I believe HIVE-28428 resolved your issue. That sounds great! If you
still have to struggle with the high compression ratio, you may try to
tune the stripe size of ORC, Tez grouping parameters, or the buffer
size of PipelinedSorter. I've not tested the query yet; this is just a
guess.
https://cwiki.apache.org/confluence/display/TEZ/How+initial+task+parallelism+works

Regards,
Okumin

On Wed, Sep 4, 2024 at 10:21 PM lisoda <lis...@yeah.net> wrote:
>
> hello Okumin.
> After porting the patch HIVE-28428, I observed that the slow query problem 
> disappeared.Currently the query efficiency for orc+zstd table is basically 
> the same as orc+snappy.
> Therefore I strongly recommend addingHIVE-28428to version 4.0.1.
>
> Regards,
>
> lisoda
>
>
>
>
>
>
> At 2024-09-02 23:28:25, "Okumin" <m...@okumin.com> wrote:
> >Hi Clinton,
> >
> >Thanks for sharing your problem. If you provide more information, such
> >as a dataset or queries, we can reproduce it and file the problem.
> >
> >Hi Lisoda,
> >
> >Thanks for giving us real examples. Interesting.
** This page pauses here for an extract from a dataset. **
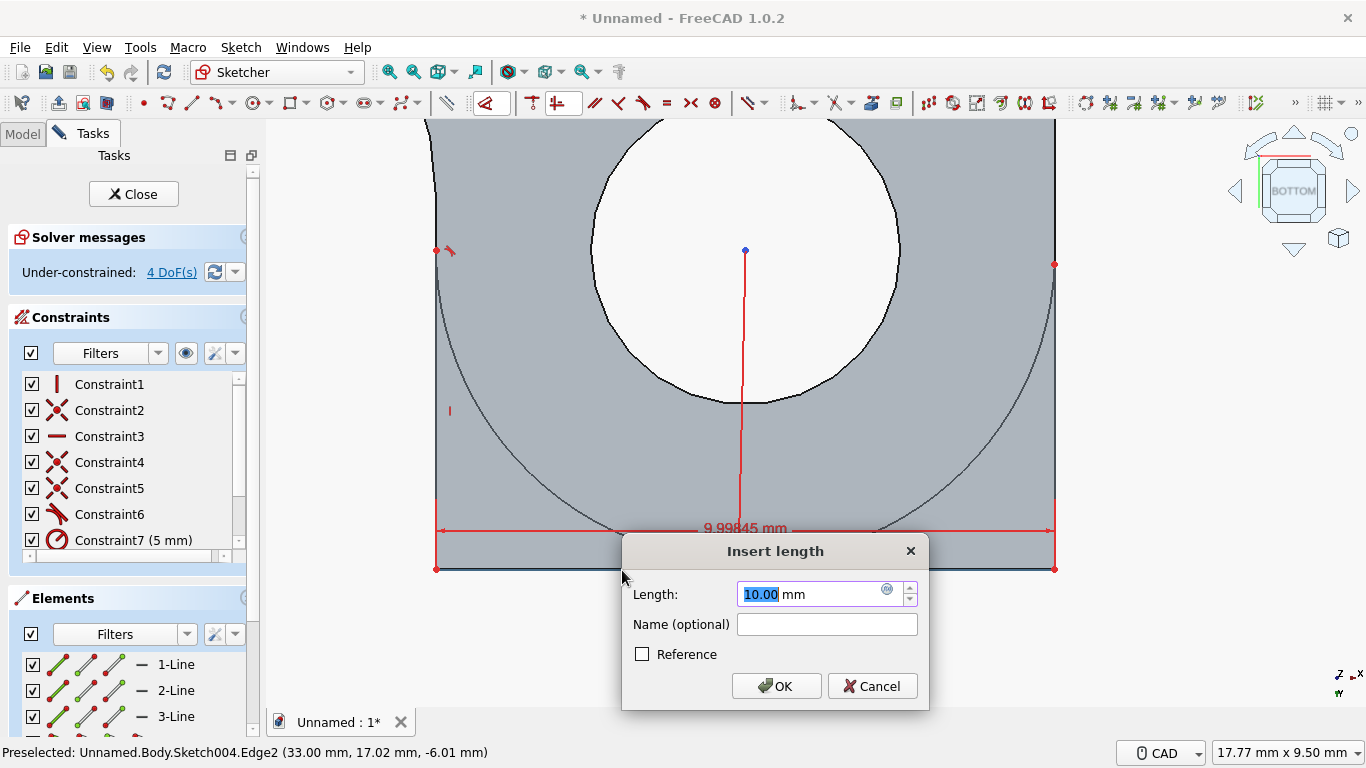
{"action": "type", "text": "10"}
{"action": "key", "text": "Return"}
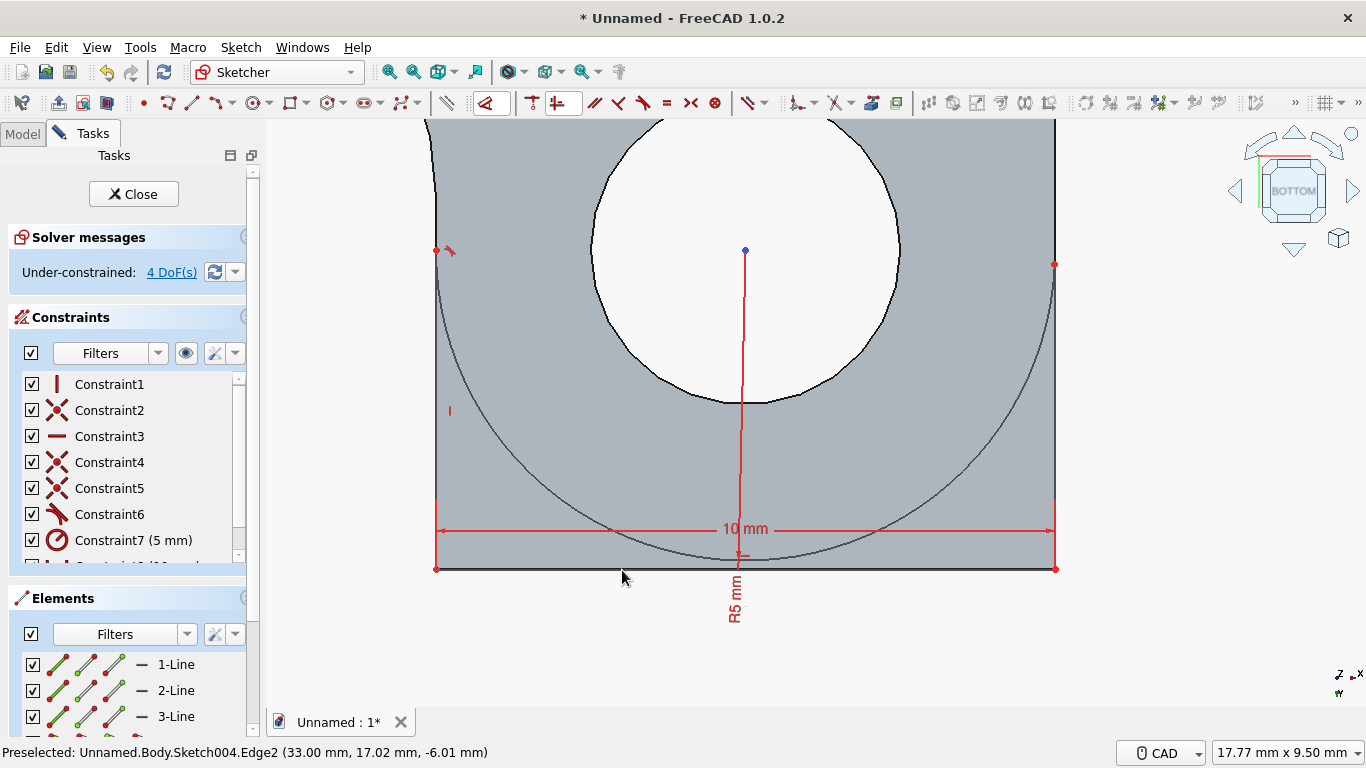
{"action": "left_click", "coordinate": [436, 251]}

Can I understand the
> >first problem that happens when there is a big data file in an Iceberg
> >table? I could not reproduce it[1], and I am curious about the
> >detailed conditions. As for the map-side aggregation, we also found
> >and resolved a similar problem[2]. It could be good to check. The
> >other issues are also interesting. I'd file tickets if I had evidence.
> >
> >- [1] https://gist.github.com/okumin/4fccec45109fc9927a22f40c166fe7f9
> >- [2] https://issues.apache.org/jira/browse/HIVE-28428
> >
> >Regards,
> >Okumin
> >
> >On Mon, Sep 2, 2024 at 2:59 PM clinton chikwata <clintonfun...@gmail.com> 
> >wrote:
> >>
> >> Hello Lisoda,
> >>
> >> Thanks for this information.
> >>
> >>
> >> On Sun, Sep 1, 2024 at 4:04 PM lisoda <lis...@yeah.net> wrote:
> >>>
> >>> Hello Clinton:
> >>>
> >>> We have actually encountered the same issue where, in many cases, 
> >>> querying Iceberg does not meet expected efficiency, falling short of 
> >>> regular ORC/Parquet tables in speed. Since the current 
> >>> HiveIcebergInputSplit does not support splits based on file size, reading 
> >>> can be slow when individual data files in Iceberg are excessively large. 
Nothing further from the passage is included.